Clarissa A.
2 weeks out
Feb 22, 2012
I cant believe that it has already been 2 weeks. I am doing ok, still struggling with getting all of my fluids but I am trying. I sip, sip, sip all day long. Since leaving the hospital, I have only puked twice and it was awful. Gonna try to never ever do that again.
*****TMI alert***** I have only moved my bowels twice and holy moly was that awful. I wonder if that is normal?!?!?
My incisions are finally starting to heal and dry up but the itchiness is making me nuts. Neosporin helps a little bit.
Before the surgery I kept telling myself that maybe it was not going to work for me and now I am amazed how I am so full all of the time. I am loving it!!!!
My only regret is that I should have done it years ago when I first met Doctor Pohl.

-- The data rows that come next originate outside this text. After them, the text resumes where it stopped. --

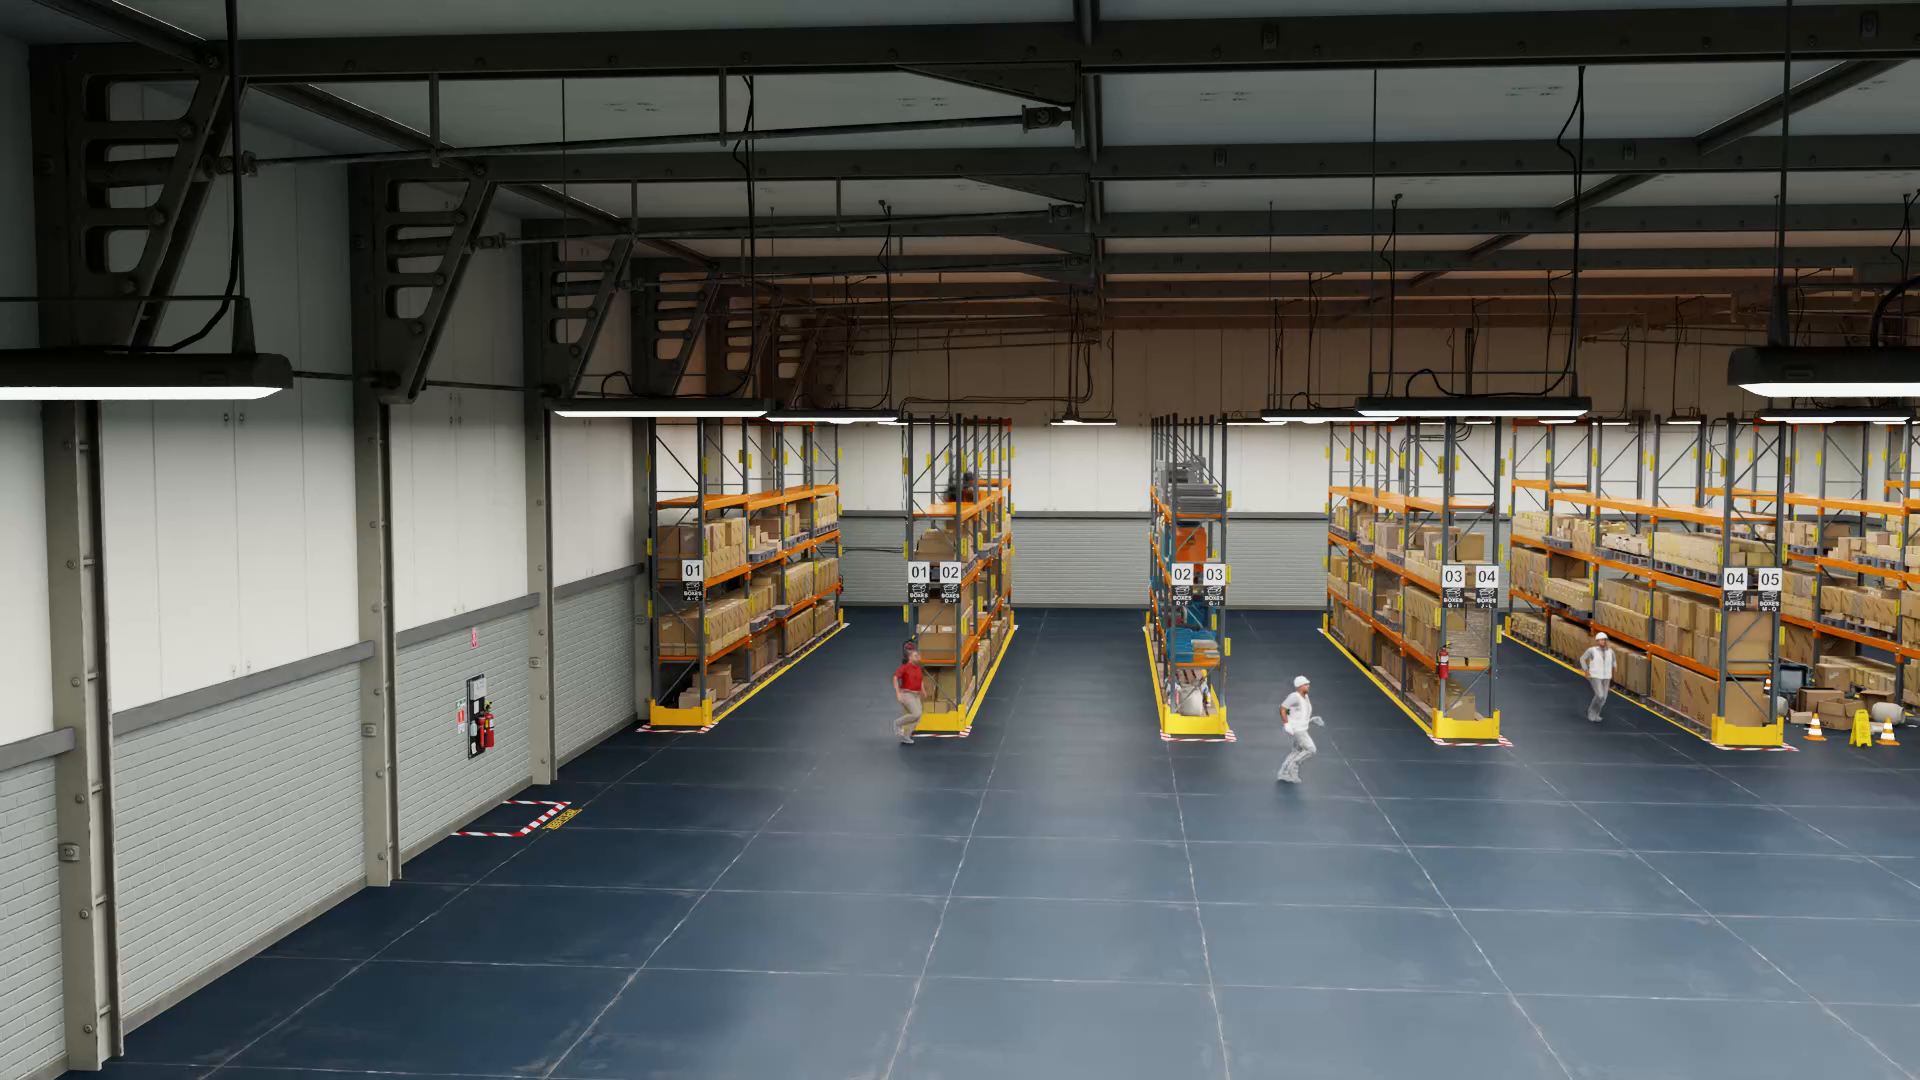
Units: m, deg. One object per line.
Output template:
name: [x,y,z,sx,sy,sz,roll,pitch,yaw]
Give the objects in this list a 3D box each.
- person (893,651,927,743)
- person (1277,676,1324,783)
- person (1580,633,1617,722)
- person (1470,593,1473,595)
person: [-0.861,2.858,30.335,0.548,1.645,0.724,3,5,36]
person: [5.467,3.047,26.755,0.738,1.722,0.609,2,4,27]
person: [12.465,2.672,32.311,0.661,1.752,0.656,-1,4,-8]
person: [14.017,1.883,46.343,0.605,1.499,0.534,4,5,42]
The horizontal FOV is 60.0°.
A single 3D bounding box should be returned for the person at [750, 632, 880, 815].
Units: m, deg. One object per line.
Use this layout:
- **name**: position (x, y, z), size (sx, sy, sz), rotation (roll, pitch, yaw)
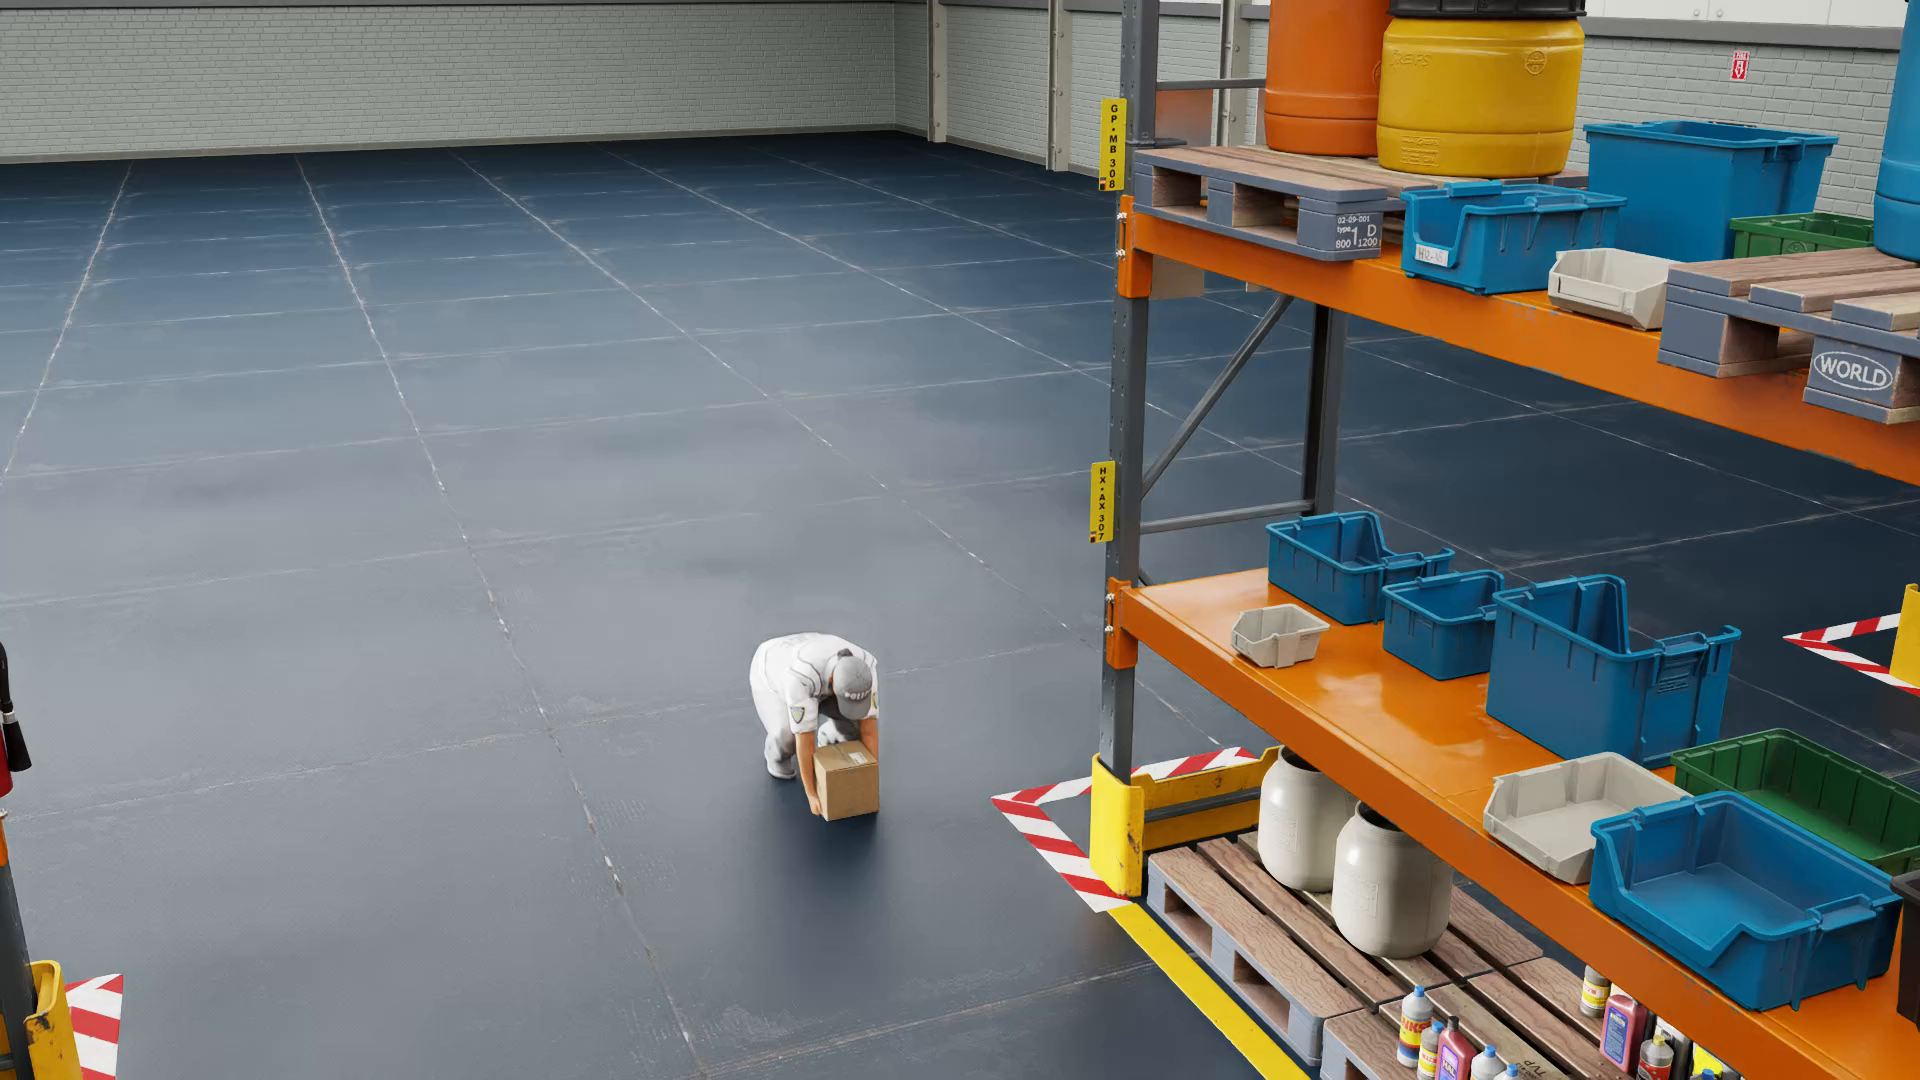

Pre-op weight and measurements - just to keep track :)
Feb 22, 2012
On day of surgery 266
1 week after surgery 256 and dropping :)
The night before Surgery I ran around to 4 different stores to find a measuring tape and locked myself in my room - my fiance thinks I am insane lol
Thigh 30
Arms 15
Waist 46
Chest 46
Calf 18
Neck 15.5
Ankle, yes I measured my ankle 10
Knees 19.5 - yes those too
Wrist 8
Hips 53.5!!!!
Officially on the Losers bench!!!
Feb 19, 2012
So here I am, almost 2 weeks later and I am feeling good. Still struggling with getting all of my fluids but treaking forward and already 22 lbs down - go me, go me, go me And I would not change a thing!!!!
I have to Thank everyone for your support thru this especially to Sheila, who has been amazing.
Tomorrow is the big day!!!
Feb 07, 2012
So I didnt go to work today because I have been feeling run down and I wanted to relax the day before my surgery but did that happen? NOT!!!
I boyfriend was off today and decided to be an ASShole! He is traveling tomorrow because of a family situation - now I have the answer to my question "If it came down to your family having an issue and me having an issue which would take priority?" The answer = his family. According to our last not so pleasant conversation, this is an elective procedure and this is my problem. Yep! IT IS!!!! I am putting me first for once and guess what asshole - I am going to do it more often especially now that I know that I am really not that important and You dont have to be there to support me when I ELECT to do something.
I wonder how much longer I will allow myself to be his OPTION while making him my PRIORITY?
Anyway, I am VERY EXCITED for tomorrow and everyday to come after that. I WILL be feel better about myself and maybe that will help me make the decisions that I have been to afraid to make.
Tomorrow will be my RE-BIRTHDAY and I could not be more excited!!!!!